### Problem to solve:
Copy the listing as it is written, and leave each picture out.

### Input data:

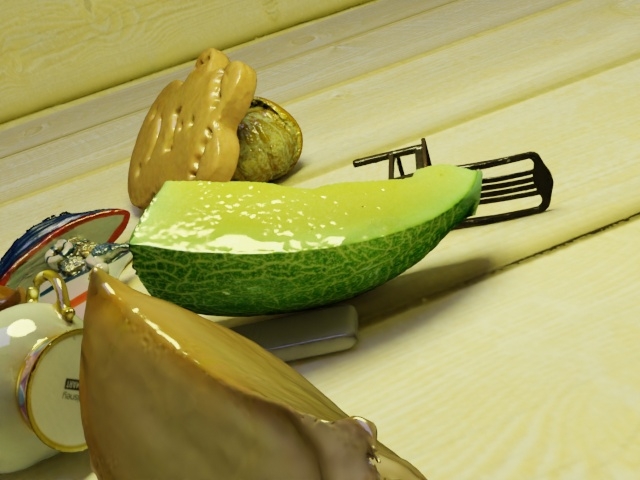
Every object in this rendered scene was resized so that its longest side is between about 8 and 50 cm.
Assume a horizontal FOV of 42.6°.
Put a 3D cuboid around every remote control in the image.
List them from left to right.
[{"bbox_3d":[-0.091,0.108,0.778,0.261,0.029,0.067,-12,21,8],"label":"remote control"}]

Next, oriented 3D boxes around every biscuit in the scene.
[{"bbox_3d":[-0.209,-0.153,1.223,0.052,0.275,0.355,20,-9,-32],"label":"biscuit"}]

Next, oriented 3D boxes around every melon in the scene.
[{"bbox_3d":[0.000,0.000,0.778,0.323,0.124,0.196,-6,-16,2],"label":"melon"}]

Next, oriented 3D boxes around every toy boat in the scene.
[{"bbox_3d":[-0.318,0.066,1.016,0.219,0.072,0.318,-25,38,-2],"label":"toy boat"}]

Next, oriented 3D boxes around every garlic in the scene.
[{"bbox_3d":[-0.037,0.134,0.464,0.151,0.196,0.338,-43,32,-17],"label":"garlic"}]

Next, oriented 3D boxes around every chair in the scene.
[{"bbox_3d":[0.147,-0.064,0.926,0.212,0.084,0.101,-13,26,11],"label":"chair"}]

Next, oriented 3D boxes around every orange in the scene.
[{"bbox_3d":[-0.107,-0.150,1.255,0.156,0.134,0.156,-25,16,8],"label":"orange"}]

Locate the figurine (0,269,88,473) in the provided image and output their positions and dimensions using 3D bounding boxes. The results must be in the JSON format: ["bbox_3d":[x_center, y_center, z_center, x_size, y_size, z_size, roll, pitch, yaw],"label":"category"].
[{"bbox_3d":[-0.298,0.118,0.744,0.263,0.142,0.190,1,70,37],"label":"figurine"}]

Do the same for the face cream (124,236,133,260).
[{"bbox_3d":[-0.272,0.025,1.111,0.038,0.020,0.115,-11,26,25],"label":"face cream"}]
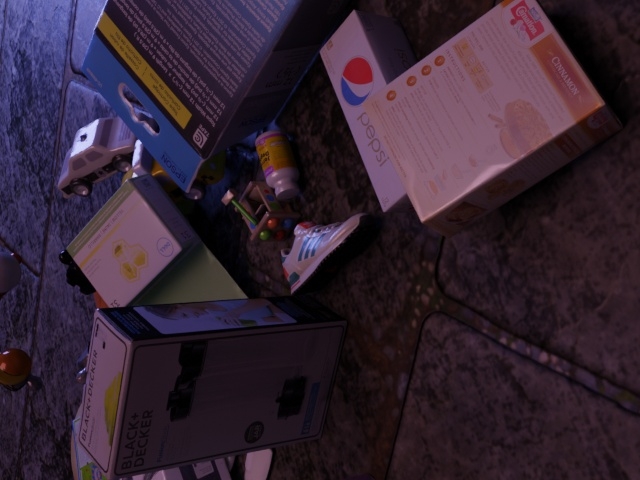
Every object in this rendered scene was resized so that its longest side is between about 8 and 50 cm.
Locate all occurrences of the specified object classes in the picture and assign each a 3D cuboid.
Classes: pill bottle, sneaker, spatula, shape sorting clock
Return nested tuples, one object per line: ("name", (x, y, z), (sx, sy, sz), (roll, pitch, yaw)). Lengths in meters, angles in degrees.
("pill bottle", (-0.052, -0.095, 1.140), (0.043, 0.043, 0.083), (-39, 61, 44))
("sneaker", (0.000, 0.000, 1.066), (0.161, 0.057, 0.075), (-47, 62, 44))
("spatula", (-0.105, 0.210, 1.235), (0.168, 0.019, 0.241), (31, 113, 52))
("shape sorting clock", (-0.375, 0.361, 1.544), (0.206, 0.040, 0.206), (-6, 82, 52))

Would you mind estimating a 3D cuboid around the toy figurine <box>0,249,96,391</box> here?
("toy figurine", (-0.397, 0.112, 1.325), (0.148, 0.213, 0.209), (144, 118, -61))

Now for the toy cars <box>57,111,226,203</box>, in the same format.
("toy cars", (-0.291, -0.123, 1.343), (0.394, 0.087, 0.176), (20, 72, 49))

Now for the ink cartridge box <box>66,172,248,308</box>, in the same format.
("ink cartridge box", (-0.222, 0.050, 1.230), (0.171, 0.056, 0.235), (-41, 84, 32))

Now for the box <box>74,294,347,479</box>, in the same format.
("box", (-0.120, 0.160, 1.033), (0.087, 0.290, 0.169), (30, 113, 47))

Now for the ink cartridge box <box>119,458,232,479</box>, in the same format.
("ink cartridge box", (-0.205, 0.353, 1.280), (0.172, 0.100, 0.237), (-52, 53, 45))

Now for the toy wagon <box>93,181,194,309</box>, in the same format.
("toy wagon", (-0.297, 0.041, 1.423), (0.344, 0.068, 0.267), (22, 107, 48))

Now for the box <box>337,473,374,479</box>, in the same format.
("box", (-0.037, 0.389, 0.971), (0.117, 0.243, 0.213), (39, 119, 43))

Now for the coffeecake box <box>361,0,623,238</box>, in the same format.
("coffeecake box", (0.152, -0.114, 0.821), (0.186, 0.068, 0.142), (-34, 62, 20))

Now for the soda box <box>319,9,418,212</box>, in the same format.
("soda box", (0.075, -0.138, 0.964), (0.074, 0.069, 0.216), (-42, 59, 43))

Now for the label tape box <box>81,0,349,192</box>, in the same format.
("label tape box", (-0.144, -0.269, 1.146), (0.249, 0.115, 0.347), (49, 131, 14))

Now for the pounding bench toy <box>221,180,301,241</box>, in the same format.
("pounding bench toy", (-0.078, -0.034, 1.141), (0.052, 0.083, 0.065), (-55, 51, 36))

### Answer for this exercise:
Every object in this rendered scene was resized so that its longest side is between about 8 and 50 cm.
Assume a horizontal FOV of 42.6°.
Put a 3D cuboid around every remote control in the image.
List them from left to right.
[{"bbox_3d":[-0.091,0.108,0.778,0.261,0.029,0.067,-12,21,8],"label":"remote control"}]

Next, oriented 3D boxes around every biscuit in the scene.
[{"bbox_3d":[-0.209,-0.153,1.223,0.052,0.275,0.355,20,-9,-32],"label":"biscuit"}]

Next, oriented 3D boxes around every melon in the scene.
[{"bbox_3d":[0.000,0.000,0.778,0.323,0.124,0.196,-6,-16,2],"label":"melon"}]

Next, oriented 3D boxes around every toy boat in the scene.
[{"bbox_3d":[-0.318,0.066,1.016,0.219,0.072,0.318,-25,38,-2],"label":"toy boat"}]

Next, oriented 3D boxes around every garlic in the scene.
[{"bbox_3d":[-0.037,0.134,0.464,0.151,0.196,0.338,-43,32,-17],"label":"garlic"}]

Next, oriented 3D boxes around every chair in the scene.
[{"bbox_3d":[0.147,-0.064,0.926,0.212,0.084,0.101,-13,26,11],"label":"chair"}]

Next, oriented 3D boxes around every orange in the scene.
[{"bbox_3d":[-0.107,-0.150,1.255,0.156,0.134,0.156,-25,16,8],"label":"orange"}]

Locate the figurine (0,269,88,473) in the provided image and output their positions and dimensions using 3D bounding boxes. The results must be in the JSON format: ["bbox_3d":[x_center, y_center, z_center, x_size, y_size, z_size, roll, pitch, yaw],"label":"category"].
[{"bbox_3d":[-0.298,0.118,0.744,0.263,0.142,0.190,1,70,37],"label":"figurine"}]

Do the same for the face cream (124,236,133,260).
[{"bbox_3d":[-0.272,0.025,1.111,0.038,0.020,0.115,-11,26,25],"label":"face cream"}]
Every object in this rendered scene was resized so that its longest side is between about 8 and 50 cm.
Locate all occurrences of the specified object classes in the picture and assign each a 3D cuboid.
Classes: pill bottle, sneaker, spatula, shape sorting clock
Return nested tuples, one object per line: ("name", (x, y, z), (sx, sy, sz), (roll, pitch, yaw)). Lengths in meters, angles in degrees.
("pill bottle", (-0.052, -0.095, 1.140), (0.043, 0.043, 0.083), (-39, 61, 44))
("sneaker", (0.000, 0.000, 1.066), (0.161, 0.057, 0.075), (-47, 62, 44))
("spatula", (-0.105, 0.210, 1.235), (0.168, 0.019, 0.241), (31, 113, 52))
("shape sorting clock", (-0.375, 0.361, 1.544), (0.206, 0.040, 0.206), (-6, 82, 52))

Would you mind estimating a 3D cuboid around the toy figurine <box>0,249,96,391</box> here?
("toy figurine", (-0.397, 0.112, 1.325), (0.148, 0.213, 0.209), (144, 118, -61))

Now for the toy cars <box>57,111,226,203</box>, in the same format.
("toy cars", (-0.291, -0.123, 1.343), (0.394, 0.087, 0.176), (20, 72, 49))

Now for the ink cartridge box <box>66,172,248,308</box>, in the same format.
("ink cartridge box", (-0.222, 0.050, 1.230), (0.171, 0.056, 0.235), (-41, 84, 32))

Now for the box <box>74,294,347,479</box>, in the same format.
("box", (-0.120, 0.160, 1.033), (0.087, 0.290, 0.169), (30, 113, 47))

Now for the ink cartridge box <box>119,458,232,479</box>, in the same format.
("ink cartridge box", (-0.205, 0.353, 1.280), (0.172, 0.100, 0.237), (-52, 53, 45))

Now for the toy wagon <box>93,181,194,309</box>, in the same format.
("toy wagon", (-0.297, 0.041, 1.423), (0.344, 0.068, 0.267), (22, 107, 48))

Now for the box <box>337,473,374,479</box>, in the same format.
("box", (-0.037, 0.389, 0.971), (0.117, 0.243, 0.213), (39, 119, 43))

Now for the coffeecake box <box>361,0,623,238</box>, in the same format.
("coffeecake box", (0.152, -0.114, 0.821), (0.186, 0.068, 0.142), (-34, 62, 20))

Now for the soda box <box>319,9,418,212</box>, in the same format.
("soda box", (0.075, -0.138, 0.964), (0.074, 0.069, 0.216), (-42, 59, 43))

Now for the label tape box <box>81,0,349,192</box>, in the same format.
("label tape box", (-0.144, -0.269, 1.146), (0.249, 0.115, 0.347), (49, 131, 14))

Now for the pounding bench toy <box>221,180,301,241</box>, in the same format.
("pounding bench toy", (-0.078, -0.034, 1.141), (0.052, 0.083, 0.065), (-55, 51, 36))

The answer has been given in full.